Product

What is CAIRL?

A plain-language explanation of verified claims, the Internet Passport, and how CAIRL works.

CAIRL

CAIRL Team

March 13, 20263 min read

What is CAIRL?

CAIRL is identity verification infrastructure built on a different premise than legacy identity verification platforms.

CAIRL is identity verification infrastructure built on a different premise than legacy IDV platforms: the answer crosses the boundary, not the file. Users verify their identity once through CAIRL’s multi-gate verification pipeline — document validation, face matching, liveness detection, and fraud checks — and receive a credential they control. When a platform needs to confirm who they are or how old they are, the user authorizes a verified claim through an OAuth consent boundary. The platform receives confirmation. The personal data that produced it stays on CAIRL’s side of the line. CAIRL delivers digital identity users control and verified claims platforms trust.

The Internet Passport

An identity layer that travels with you across the internet — not as a surveillance mechanism, but as a genuine passport. A credential that proves what needs to be proved, shares only what the moment requires, and leaves nothing behind on the other side of the boundary.

The phrase "Internet Passport" describes a credential that travels with the person it belongs to. It proves what needs to be proved, it shares only what the moment requires, and it keeps the underlying identity data behind the consent boundary.

How the model works

CAIRL is identity verification infrastructure built on a different architectural premise: the answer crosses the boundary, not the file. Instead of extracting personal data and delivering it to the requesting platform, CAIRL issues a verified claim. The platform receives what it needs to know — age confirmed, identity verified, document authentic — without receiving the underlying data.

That means a platform can ask a narrow question like:

  • Is this user over 18?
  • Has this identity been verified?
  • Is the document authentic?

CAIRL returns the answer the platform needs. It does not have to deliver the full document, the full identity record, or an unnecessary dump of personal data.

Verified claims, not raw data

The answer crosses the boundary, not the file.

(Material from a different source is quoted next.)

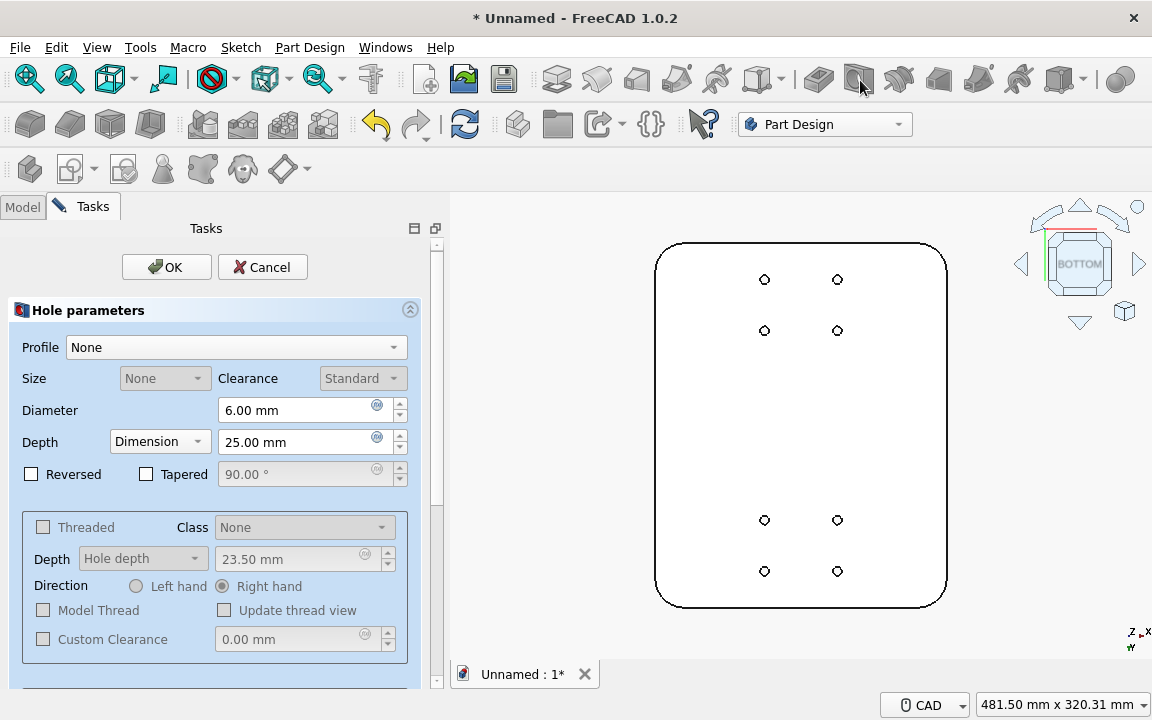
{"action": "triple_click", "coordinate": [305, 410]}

That architecture changes the relationship between the person being verified and the platform that needs the result. Users keep control of identity. Platforms still receive a verification answer they can trust.

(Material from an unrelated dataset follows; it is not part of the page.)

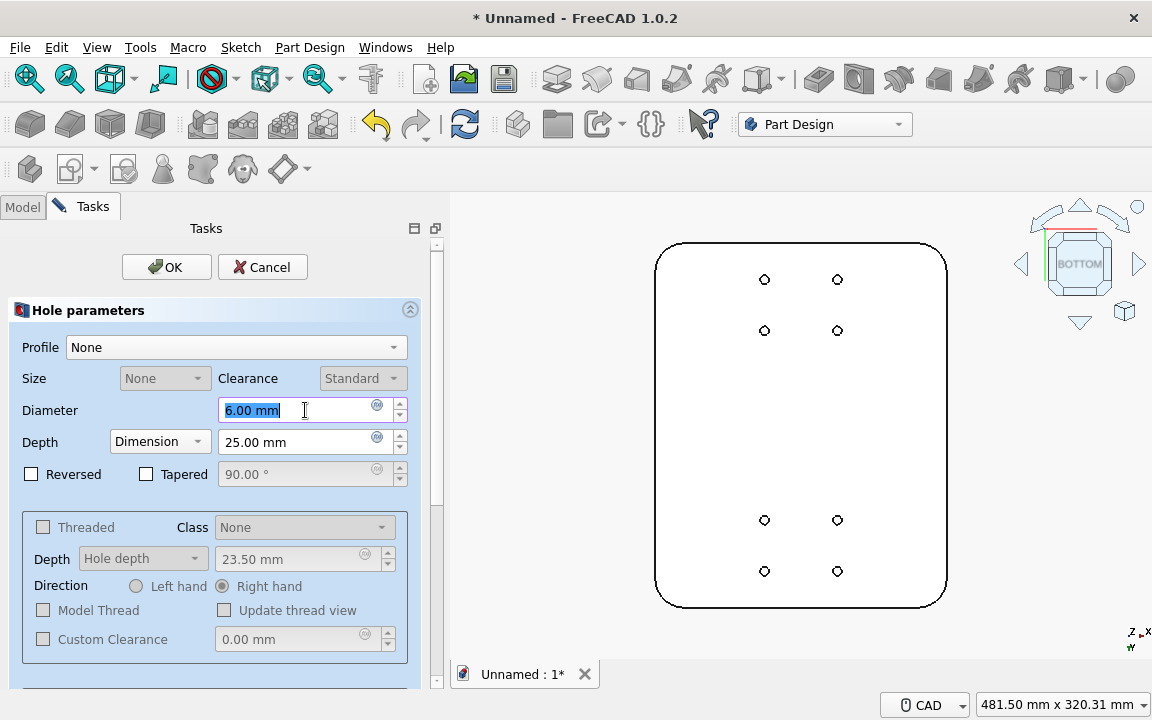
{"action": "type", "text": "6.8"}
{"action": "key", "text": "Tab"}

What users and platforms each get

Users

People who verify their identity through CAIRL. They hold the credential, authorize sharing, and are the reason the privacy architecture exists.

Platforms

Businesses that integrate CAIRL to receive verified claims. They receive outcomes and attestations — not document fields, images, or identity dumps.

Why this matters

Every time you verify your identity online, you hand something over that you cannot get back. Identity verification was designed for platforms, not for people. Verifying your identity does not have to mean surrendering it. CAIRL makes a different offer: access in exchange for a verified claim, with the data staying where it belongs.